Problem to work on: Copy each line below that includes "Camera".

Available records:

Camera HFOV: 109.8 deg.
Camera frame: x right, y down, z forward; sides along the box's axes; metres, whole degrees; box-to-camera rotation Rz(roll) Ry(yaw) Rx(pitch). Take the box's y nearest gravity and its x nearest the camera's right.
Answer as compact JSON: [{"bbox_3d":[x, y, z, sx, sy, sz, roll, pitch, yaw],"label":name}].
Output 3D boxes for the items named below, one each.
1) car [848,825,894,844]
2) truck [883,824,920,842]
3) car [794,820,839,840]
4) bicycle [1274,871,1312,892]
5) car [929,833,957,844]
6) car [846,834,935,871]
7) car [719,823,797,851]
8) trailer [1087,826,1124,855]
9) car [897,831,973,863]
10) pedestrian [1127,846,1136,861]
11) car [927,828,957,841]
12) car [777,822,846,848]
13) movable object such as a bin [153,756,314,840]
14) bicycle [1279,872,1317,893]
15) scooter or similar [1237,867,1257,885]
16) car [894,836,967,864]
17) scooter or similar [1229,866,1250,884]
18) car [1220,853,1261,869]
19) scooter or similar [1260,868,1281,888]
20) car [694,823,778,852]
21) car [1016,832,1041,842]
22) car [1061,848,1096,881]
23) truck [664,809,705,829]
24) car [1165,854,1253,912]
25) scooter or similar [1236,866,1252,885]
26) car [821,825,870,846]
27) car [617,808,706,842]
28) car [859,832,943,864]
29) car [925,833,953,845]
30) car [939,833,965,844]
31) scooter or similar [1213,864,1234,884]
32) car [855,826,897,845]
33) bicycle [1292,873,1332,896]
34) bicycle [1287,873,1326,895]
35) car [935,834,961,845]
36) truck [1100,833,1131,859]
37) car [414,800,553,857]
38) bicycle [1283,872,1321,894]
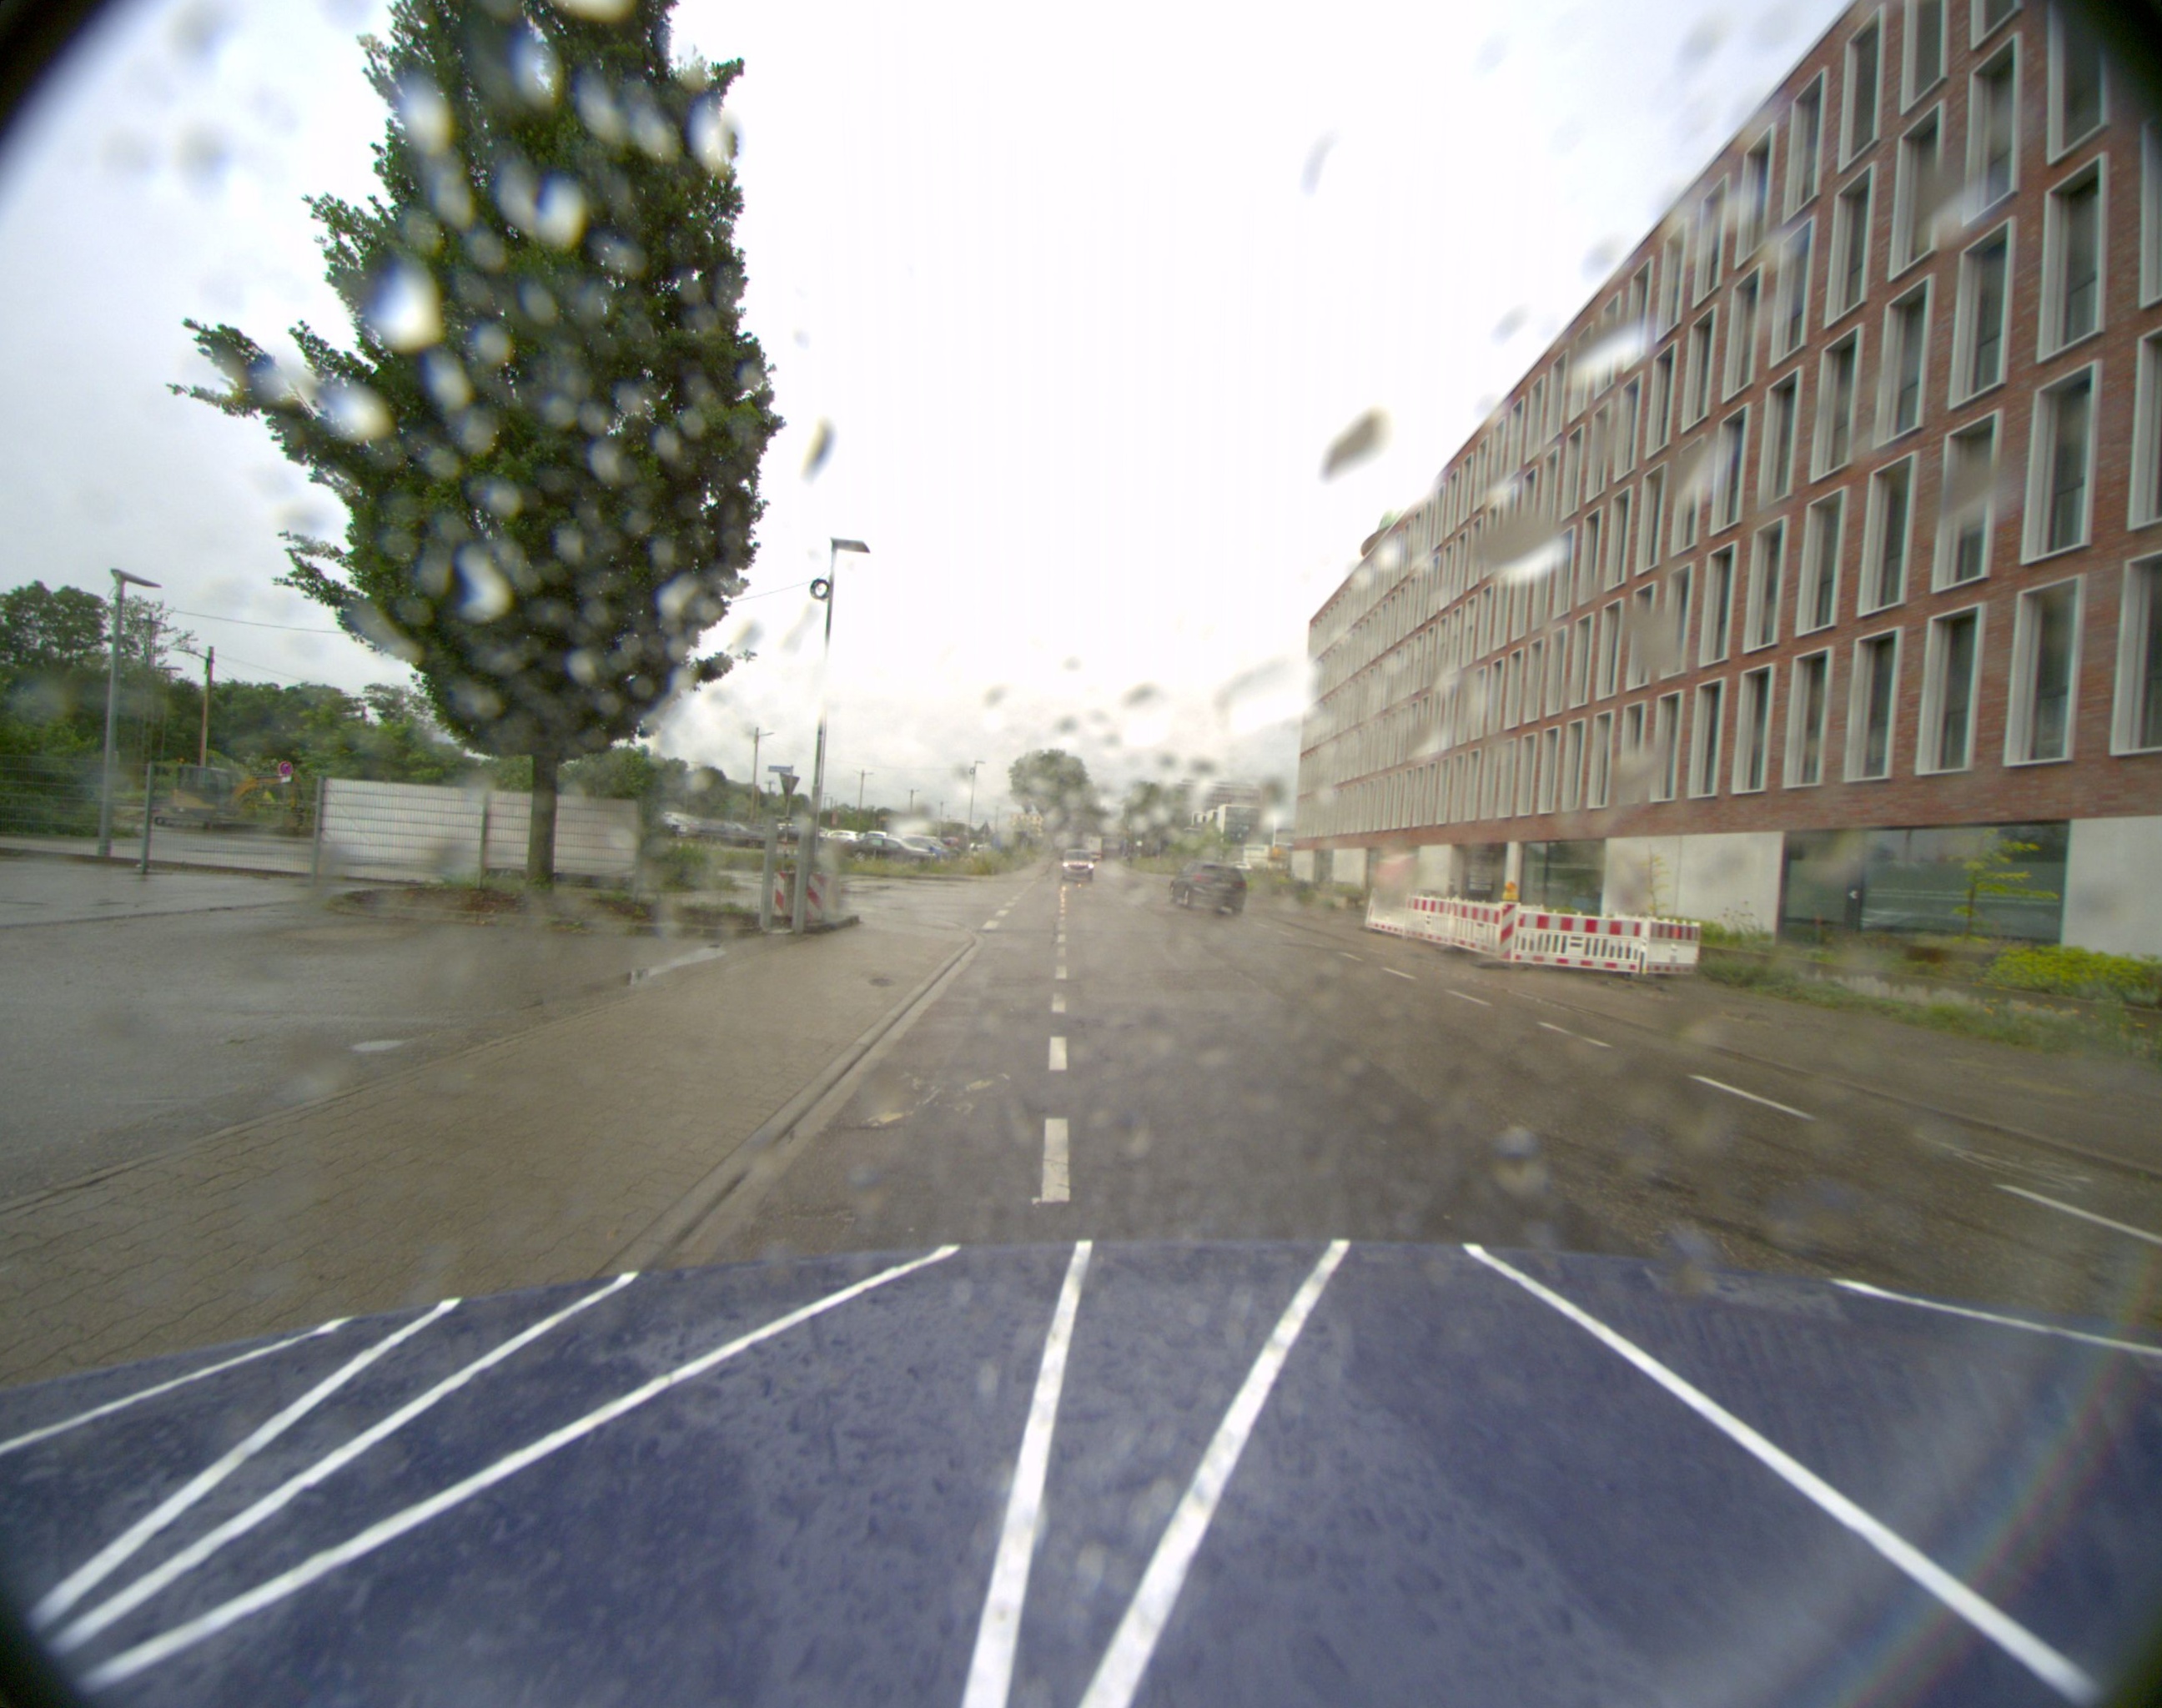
[{"bbox_3d":[-21.728,-1.980,78.798,4.054,1.476,1.927,7,2,2],"label":"car"},{"bbox_3d":[-28.939,-3.337,122.681,5.302,2.354,2.152,5,1,-1],"label":"truck"},{"bbox_3d":[-28.244,-2.568,81.150,4.072,1.650,1.831,6,2,-3],"label":"car"},{"bbox_3d":[11.997,1.551,43.032,1.953,1.071,0.620,3,1,-2],"label":"bicycle"},{"bbox_3d":[-22.322,-2.525,122.893,3.962,1.419,1.886,6,2,1],"label":"car"},{"bbox_3d":[-9.901,-0.096,39.765,4.232,1.392,1.888,7,2,-9],"label":"car"},{"bbox_3d":[-20.261,-1.070,47.824,3.997,1.477,1.999,4,2,0],"label":"car"},{"bbox_3d":[4.584,-2.329,136.839,3.298,4.627,13.749,5,1,15],"label":"trailer"},{"bbox_3d":[-10.037,-0.484,52.516,4.691,1.725,2.128,5,2,3],"label":"car"},{"bbox_3d":[6.131,-0.110,92.010,0.911,1.708,1.026,4,2,-1],"label":"pedestrian"},{"bbox_3d":[-20.346,-2.815,111.351,3.962,1.481,1.777,6,2,1],"label":"car"},{"bbox_3d":[-20.902,-1.499,59.059,4.634,1.706,2.017,3,2,-7],"label":"car"},{"bbox_3d":[-33.770,-2.179,30.367,3.998,2.975,1.999,4,1,-2],"label":"movable object such as a bin"},{"bbox_3d":[12.057,1.560,42.219,1.864,1.071,0.544,3,1,-2],"label":"bicycle"},{"bbox_3d":[11.979,1.580,54.859,1.319,1.171,0.467,5,1,5],"label":"scooter or similar"},{"bbox_3d":[-9.619,-0.283,48.785,4.307,1.508,1.819,4,2,0],"label":"car"},{"bbox_3d":[11.175,1.465,53.549,1.321,1.171,0.467,5,1,-13],"label":"scooter or similar"},{"bbox_3d":[19.650,0.826,93.613,4.534,1.632,1.999,4,1,-4],"label":"car"},{"bbox_3d":[12.457,1.559,50.004,1.228,1.201,0.418,5,1,6],"label":"scooter or similar"},{"bbox_3d":[-20.268,-0.984,44.792,3.997,1.401,1.999,4,2,0],"label":"car"},{"bbox_3d":[-8.057,-2.630,117.307,3.782,1.385,1.904,4,2,-3],"label":"car"},{"bbox_3d":[-0.195,0.573,44.788,1.838,1.714,4.171,4,0,-1],"label":"car"},{"bbox_3d":[-48.756,-4.283,93.535,2.086,2.002,5.279,5,0,0],"label":"truck"},{"bbox_3d":[4.119,0.885,25.118,1.765,1.559,4.147,6,0,-4],"label":"car"},{"bbox_3d":[11.276,1.495,52.616,0.466,1.223,1.211,6,1,42],"label":"scooter or similar"},{"bbox_3d":[-21.972,-1.730,70.957,3.838,1.476,1.927,7,2,2],"label":"car"},{"bbox_3d":[-27.061,-1.858,49.126,4.453,1.663,2.042,7,2,-2],"label":"car"},{"bbox_3d":[-10.085,-0.347,42.788,4.192,1.501,1.890,4,2,0],"label":"car"},{"bbox_3d":[-22.344,-2.338,119.678,3.962,1.419,1.886,6,2,1],"label":"car"},{"bbox_3d":[-22.695,-2.671,133.560,4.075,1.482,1.925,6,2,1],"label":"car"},{"bbox_3d":[9.970,1.394,53.144,1.317,1.223,0.468,5,1,28],"label":"scooter or similar"},{"bbox_3d":[-22.031,-1.982,81.797,3.912,1.575,1.786,7,2,2],"label":"car"},{"bbox_3d":[12.135,1.603,39.898,1.864,1.071,0.544,3,1,-2],"label":"bicycle"},{"bbox_3d":[12.078,1.592,40.735,1.864,1.071,0.544,3,1,-2],"label":"bicycle"},{"bbox_3d":[-22.863,-2.454,130.768,3.962,1.419,1.821,6,2,1],"label":"car"},{"bbox_3d":[6.537,-1.467,142.966,3.295,4.627,6.046,5,1,27],"label":"truck"},{"bbox_3d":[-23.883,-0.996,30.487,3.998,1.911,1.831,4,0,-2],"label":"car"},{"bbox_3d":[12.066,1.571,41.579,1.864,1.071,0.544,3,1,-2],"label":"bicycle"}]

Exercise response:
Camera HFOV: 109.8 deg.
Camera frame: x right, y down, z forward; sides along the box's axes; metres, whole degrees; box-to-camera rotation Rz(roll) Ry(yaw) Rx(pitch). Take the box's y nearest gravity and its x nearest the camera's right.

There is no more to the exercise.